Your assignment
Show every line in the records below that contains the word "image".
Segment Start: Materials provided
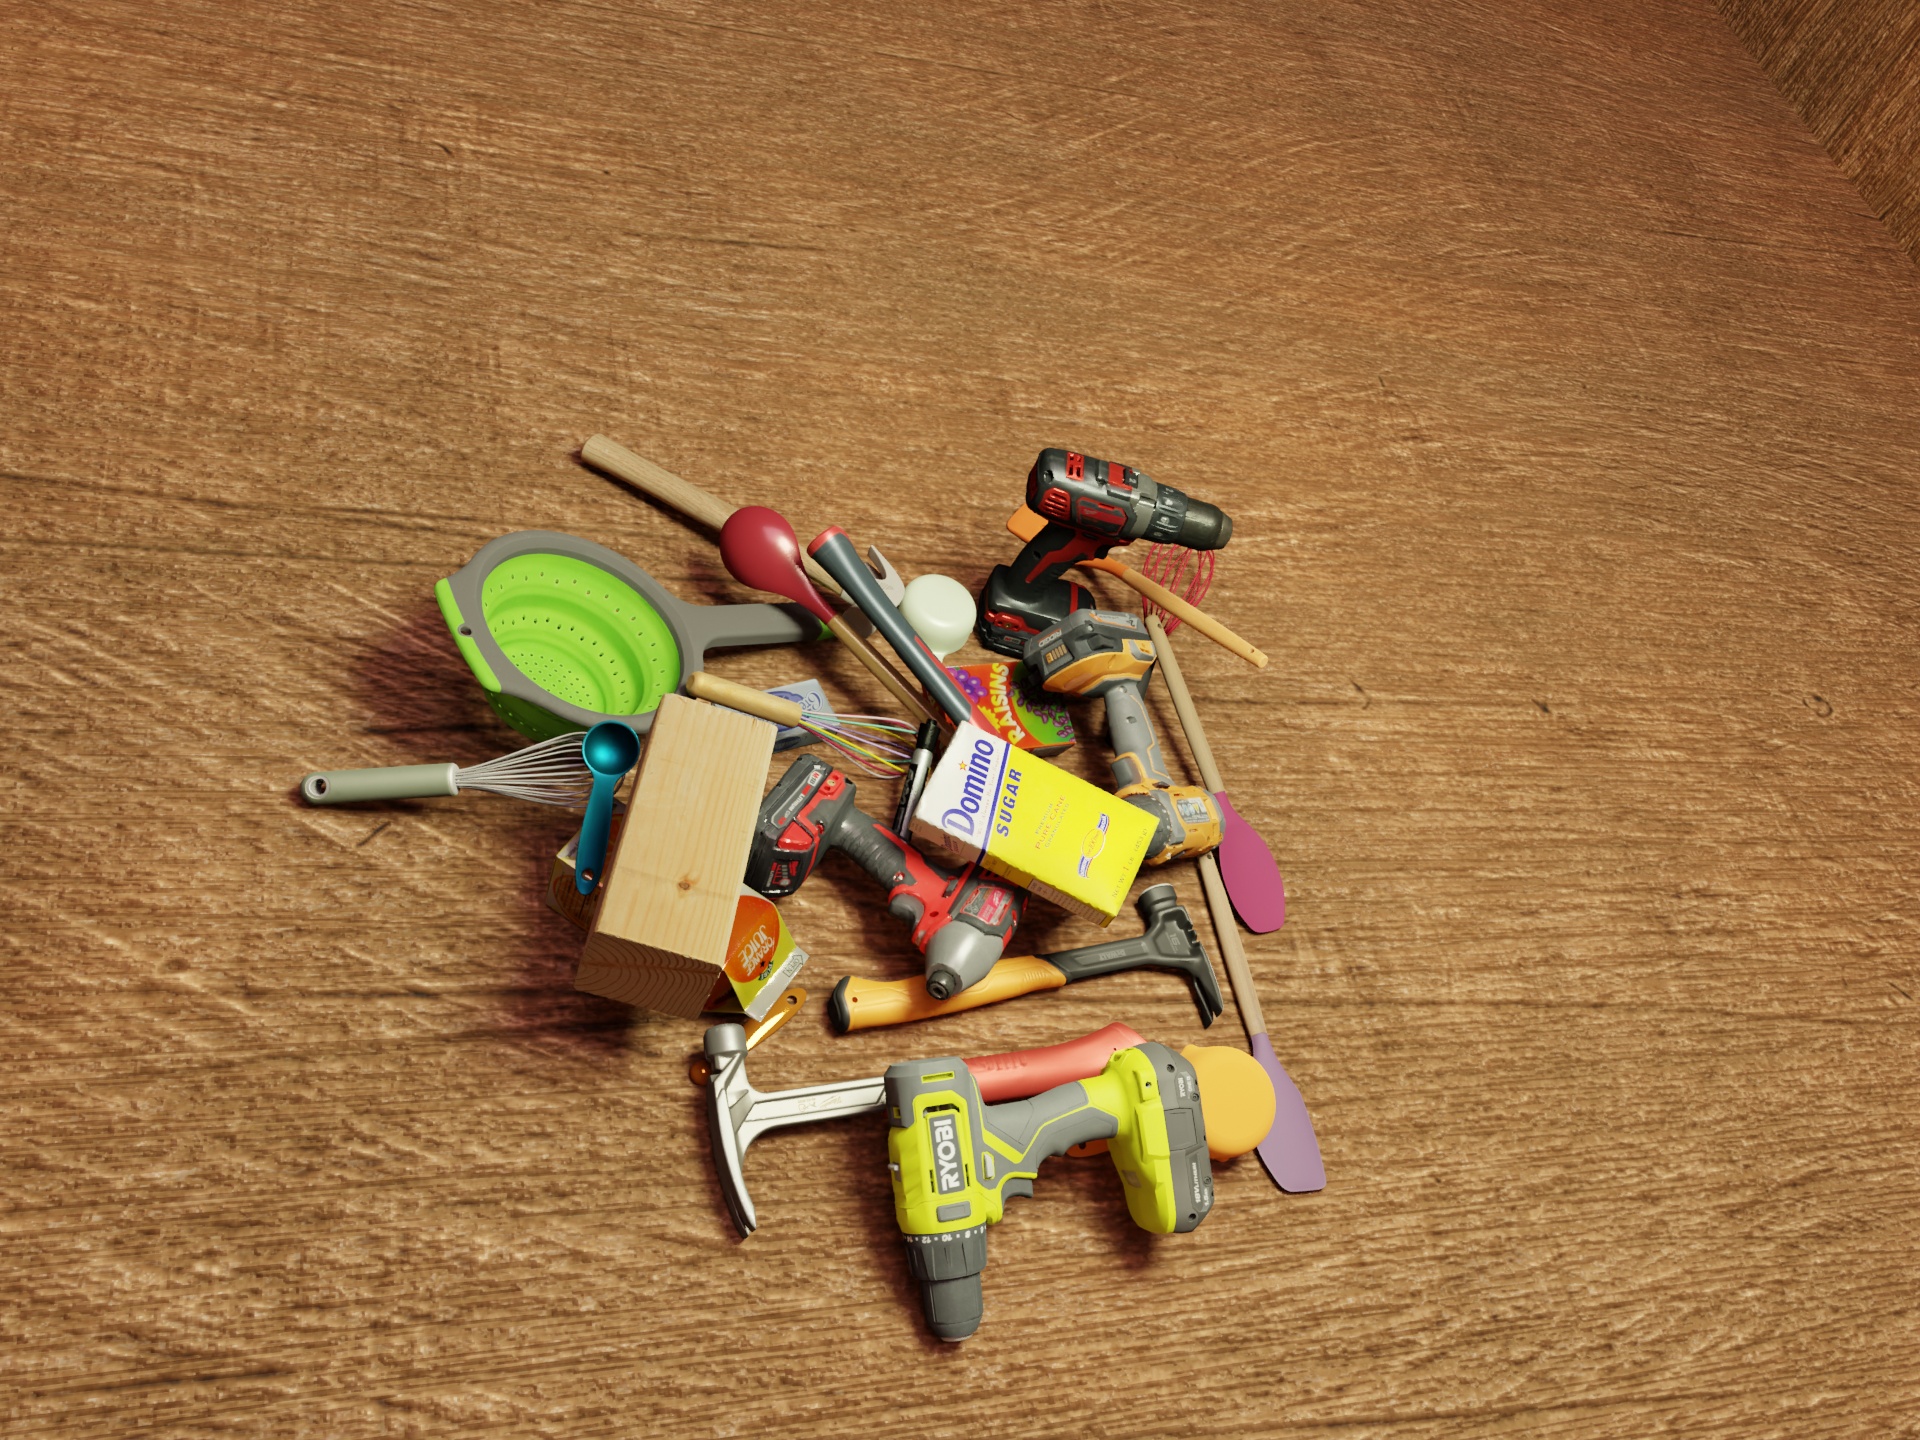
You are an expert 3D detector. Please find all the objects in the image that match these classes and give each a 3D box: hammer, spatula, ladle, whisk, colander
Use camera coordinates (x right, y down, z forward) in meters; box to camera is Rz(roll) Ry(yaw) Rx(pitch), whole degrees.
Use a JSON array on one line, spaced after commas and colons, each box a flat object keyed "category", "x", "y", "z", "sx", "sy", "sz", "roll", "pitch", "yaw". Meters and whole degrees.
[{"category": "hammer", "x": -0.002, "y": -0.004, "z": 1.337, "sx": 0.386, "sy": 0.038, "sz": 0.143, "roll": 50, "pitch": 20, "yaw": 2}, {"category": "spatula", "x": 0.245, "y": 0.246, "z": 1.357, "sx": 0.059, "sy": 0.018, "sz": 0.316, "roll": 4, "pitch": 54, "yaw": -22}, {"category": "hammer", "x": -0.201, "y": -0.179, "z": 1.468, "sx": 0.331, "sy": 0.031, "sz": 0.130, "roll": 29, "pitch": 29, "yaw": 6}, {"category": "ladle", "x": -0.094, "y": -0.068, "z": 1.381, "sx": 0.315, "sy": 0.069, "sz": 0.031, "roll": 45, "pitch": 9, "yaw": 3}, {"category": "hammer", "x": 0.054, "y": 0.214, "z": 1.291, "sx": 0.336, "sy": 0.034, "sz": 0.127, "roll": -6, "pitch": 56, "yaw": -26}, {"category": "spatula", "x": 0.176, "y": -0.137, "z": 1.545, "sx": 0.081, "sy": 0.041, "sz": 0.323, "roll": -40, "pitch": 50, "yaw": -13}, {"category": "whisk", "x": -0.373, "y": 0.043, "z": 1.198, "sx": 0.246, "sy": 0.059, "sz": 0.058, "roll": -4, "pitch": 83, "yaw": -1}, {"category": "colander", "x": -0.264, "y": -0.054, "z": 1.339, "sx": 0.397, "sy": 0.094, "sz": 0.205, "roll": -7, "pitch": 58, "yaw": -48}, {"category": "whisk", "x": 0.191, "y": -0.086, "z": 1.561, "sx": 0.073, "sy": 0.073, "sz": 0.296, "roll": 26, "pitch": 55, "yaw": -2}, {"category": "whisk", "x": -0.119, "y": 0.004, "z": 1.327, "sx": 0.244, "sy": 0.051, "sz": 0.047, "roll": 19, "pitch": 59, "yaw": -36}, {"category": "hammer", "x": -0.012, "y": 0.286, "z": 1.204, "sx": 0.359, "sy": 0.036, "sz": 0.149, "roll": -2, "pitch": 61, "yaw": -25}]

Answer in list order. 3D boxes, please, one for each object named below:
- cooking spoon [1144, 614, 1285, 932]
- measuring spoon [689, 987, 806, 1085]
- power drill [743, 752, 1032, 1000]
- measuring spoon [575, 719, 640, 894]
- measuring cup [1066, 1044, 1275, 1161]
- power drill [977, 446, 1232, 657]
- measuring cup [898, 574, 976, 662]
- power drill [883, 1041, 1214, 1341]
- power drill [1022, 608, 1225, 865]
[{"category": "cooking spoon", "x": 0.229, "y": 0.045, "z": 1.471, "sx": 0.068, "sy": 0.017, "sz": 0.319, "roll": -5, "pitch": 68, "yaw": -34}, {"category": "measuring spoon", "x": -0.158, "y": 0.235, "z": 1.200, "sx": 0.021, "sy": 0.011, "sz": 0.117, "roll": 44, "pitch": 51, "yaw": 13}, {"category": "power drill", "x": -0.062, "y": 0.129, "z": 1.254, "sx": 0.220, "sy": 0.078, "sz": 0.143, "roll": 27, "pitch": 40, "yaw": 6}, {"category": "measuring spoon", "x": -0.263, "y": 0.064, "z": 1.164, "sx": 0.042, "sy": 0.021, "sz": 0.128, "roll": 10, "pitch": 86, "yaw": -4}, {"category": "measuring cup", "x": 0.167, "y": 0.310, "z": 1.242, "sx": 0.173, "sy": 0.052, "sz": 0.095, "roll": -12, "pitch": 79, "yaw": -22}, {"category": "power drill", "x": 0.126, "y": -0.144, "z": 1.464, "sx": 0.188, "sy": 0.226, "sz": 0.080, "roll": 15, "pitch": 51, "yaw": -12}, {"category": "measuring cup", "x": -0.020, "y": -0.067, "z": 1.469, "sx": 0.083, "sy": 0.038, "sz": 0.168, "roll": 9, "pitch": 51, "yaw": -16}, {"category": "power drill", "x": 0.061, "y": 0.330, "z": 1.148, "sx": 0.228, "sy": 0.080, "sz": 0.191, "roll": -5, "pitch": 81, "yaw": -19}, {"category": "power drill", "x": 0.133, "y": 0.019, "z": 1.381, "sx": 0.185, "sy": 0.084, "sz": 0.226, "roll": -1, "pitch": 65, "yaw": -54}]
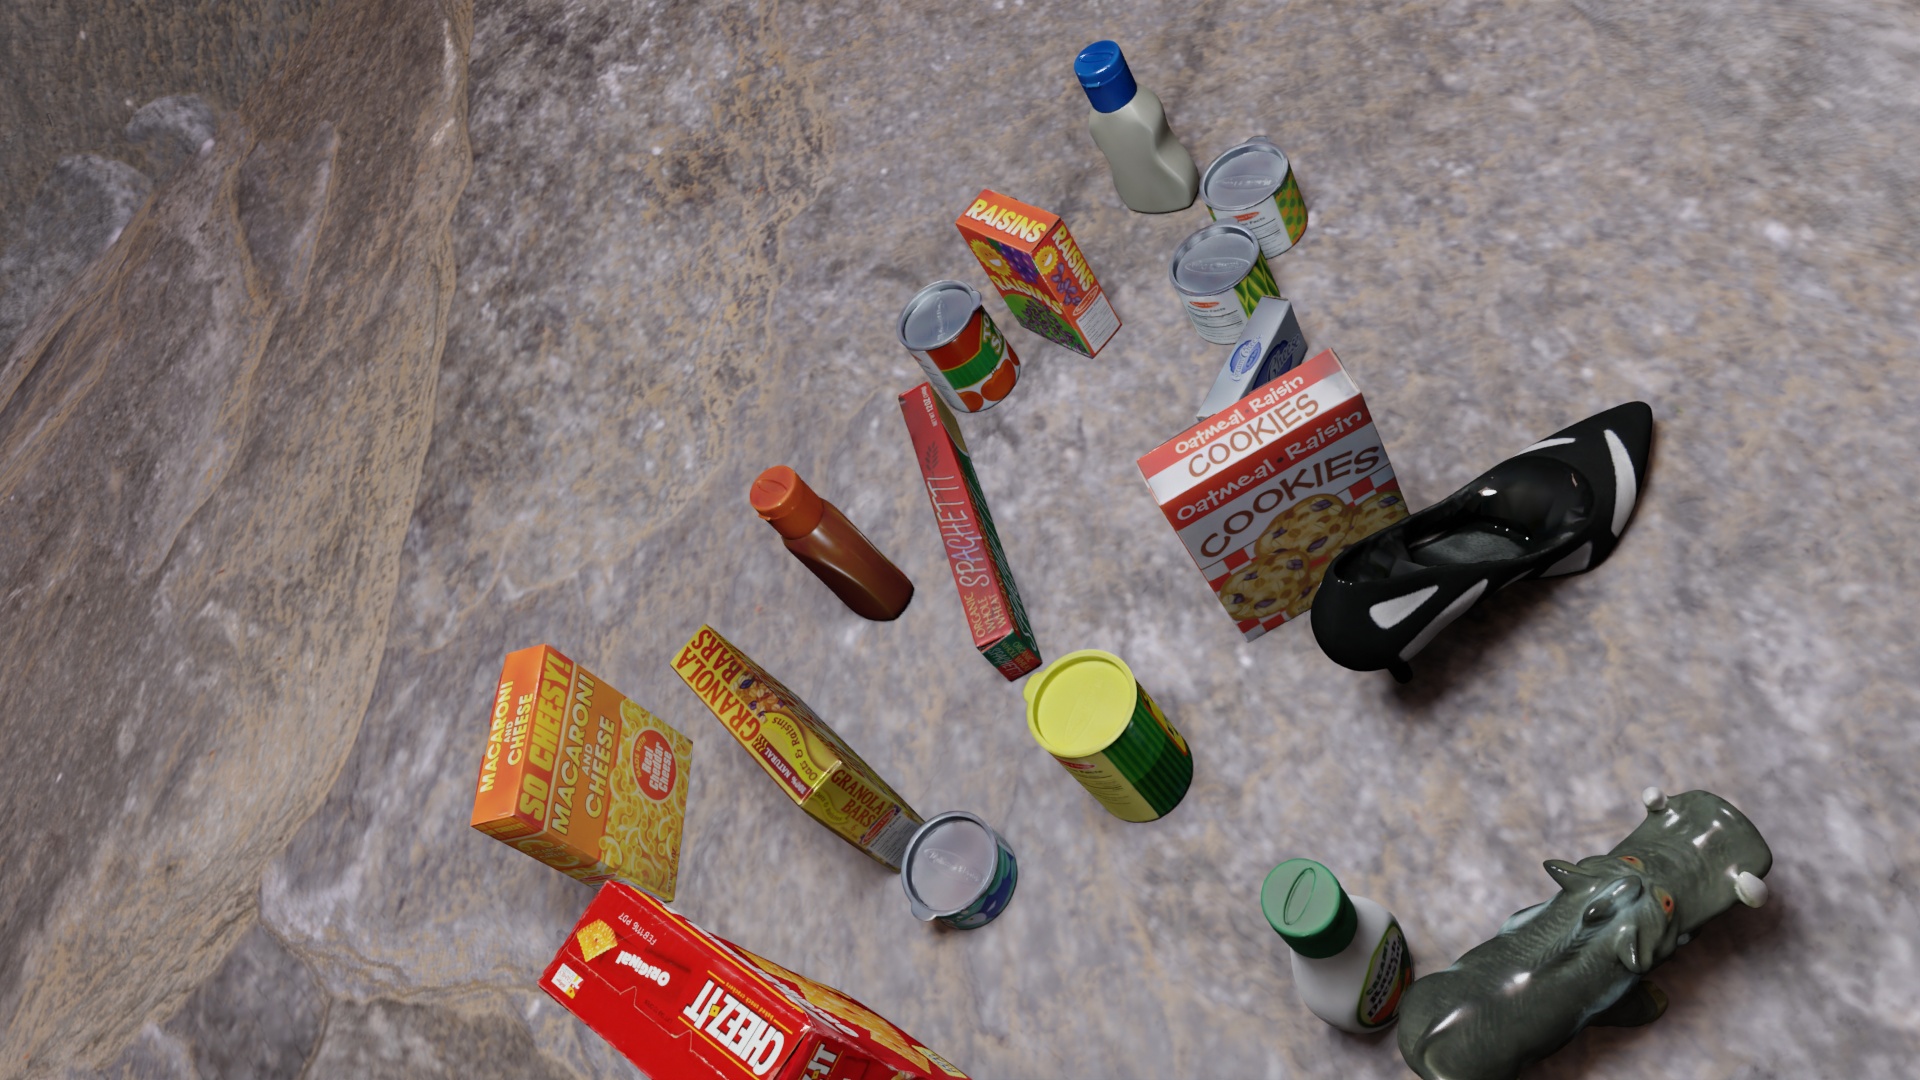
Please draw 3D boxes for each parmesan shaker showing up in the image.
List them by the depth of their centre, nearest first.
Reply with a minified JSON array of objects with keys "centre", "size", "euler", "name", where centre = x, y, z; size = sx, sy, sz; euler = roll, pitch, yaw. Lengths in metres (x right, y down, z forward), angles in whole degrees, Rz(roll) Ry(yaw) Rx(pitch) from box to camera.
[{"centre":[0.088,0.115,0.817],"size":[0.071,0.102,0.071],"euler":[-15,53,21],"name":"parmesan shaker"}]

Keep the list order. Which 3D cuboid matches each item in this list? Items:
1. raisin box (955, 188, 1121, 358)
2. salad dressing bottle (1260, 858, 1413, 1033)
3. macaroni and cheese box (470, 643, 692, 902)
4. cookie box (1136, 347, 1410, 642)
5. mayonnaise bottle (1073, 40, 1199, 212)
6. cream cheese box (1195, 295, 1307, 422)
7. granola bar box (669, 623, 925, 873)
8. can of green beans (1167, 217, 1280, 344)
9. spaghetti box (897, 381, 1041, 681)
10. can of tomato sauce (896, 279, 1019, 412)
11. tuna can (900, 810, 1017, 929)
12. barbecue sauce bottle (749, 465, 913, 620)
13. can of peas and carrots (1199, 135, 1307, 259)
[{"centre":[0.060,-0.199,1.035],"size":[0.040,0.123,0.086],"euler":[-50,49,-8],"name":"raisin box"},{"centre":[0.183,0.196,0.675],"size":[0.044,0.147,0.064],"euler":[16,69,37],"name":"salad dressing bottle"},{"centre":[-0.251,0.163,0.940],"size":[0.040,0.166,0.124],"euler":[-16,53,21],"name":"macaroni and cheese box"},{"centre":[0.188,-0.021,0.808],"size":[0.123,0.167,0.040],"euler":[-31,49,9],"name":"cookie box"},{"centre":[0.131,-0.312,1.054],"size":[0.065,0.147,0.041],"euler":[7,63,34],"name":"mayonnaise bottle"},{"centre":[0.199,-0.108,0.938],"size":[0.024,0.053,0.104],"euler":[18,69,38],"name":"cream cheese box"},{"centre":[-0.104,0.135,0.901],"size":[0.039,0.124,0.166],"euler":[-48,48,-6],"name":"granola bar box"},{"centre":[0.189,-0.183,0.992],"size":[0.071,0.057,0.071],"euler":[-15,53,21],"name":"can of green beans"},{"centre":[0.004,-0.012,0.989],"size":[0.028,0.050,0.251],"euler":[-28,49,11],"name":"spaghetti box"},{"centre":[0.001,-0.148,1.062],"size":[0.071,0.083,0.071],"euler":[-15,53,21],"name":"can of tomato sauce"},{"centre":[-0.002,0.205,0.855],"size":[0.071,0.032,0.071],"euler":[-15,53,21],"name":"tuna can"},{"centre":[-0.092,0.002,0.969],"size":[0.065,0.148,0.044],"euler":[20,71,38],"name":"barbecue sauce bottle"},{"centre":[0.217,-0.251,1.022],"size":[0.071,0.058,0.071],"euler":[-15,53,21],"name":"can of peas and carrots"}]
Segment End: Materials provided
Your solution
You are an expert 3D detector. Please find all the objects in the image that match these classes and give each a 3D box: hammer, spatula, ladle, whisk, colander
Please draw 3D boxes for each parmesan shaker showing up in the image.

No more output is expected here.